Bob, you hint at what I believe: just about any fish can have its flavor
enhanced by a little smoke flavor. I still am very careful not to overdo
either the smoke or the cooking time. Fish should never be over-done.
Well, unless you want to "jerk" it.


----------



## AllenOK (Apr 17, 2008)

I won't grill (BBQ for the original poster) any fish that is extremely flaky in texture, such as walleye, lake perch, cod, or sole.  Tilapia is borderline for me.

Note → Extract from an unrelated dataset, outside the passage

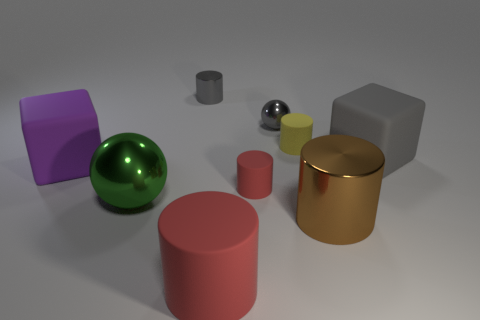Subtract all small rubber cylinders. How many cylinders are left? 3 Subtract all green balls. How many red cylinders are left? 2 Subtract 2 cylinders. How many cylinders are left? 3 Subtract all brown cylinders. How many cylinders are left? 4 Add 1 red matte cubes. How many objects exist? 10 Subtract all gray cylinders. Subtract all cyan cubes. How many cylinders are left? 4 Subtract all balls. How many objects are left? 7 Subtract 1 gray cylinders. How many objects are left? 8 Subtract all large red metallic objects. Subtract all brown cylinders. How many objects are left? 8 Add 2 metallic things. How many metallic things are left? 6

However, catfish, swordfish, halibut, tuna, kajiki, opah, mong chong, grouper, and barramundi I will grill.


----------



## mbasiszta (Apr 17, 2008)

AllenOK said:


> I won't grill (BBQ for the original poster) any fish that is extremely flaky in texture, such as walleye, lake perch, cod, or sole. Tilapia is borderline for me. However, catfish, swordfish, halibut, tuna, kajiki, opah, mong chong, grouper, and barramundi I will grill.


Hmmm, now Cod I like smoked. Any of the mackeral family is great smoked or grilled. How do you get Barramundi in Oklahoma? I only know them in Australia. They are a great fighter and a great eating fish.


----------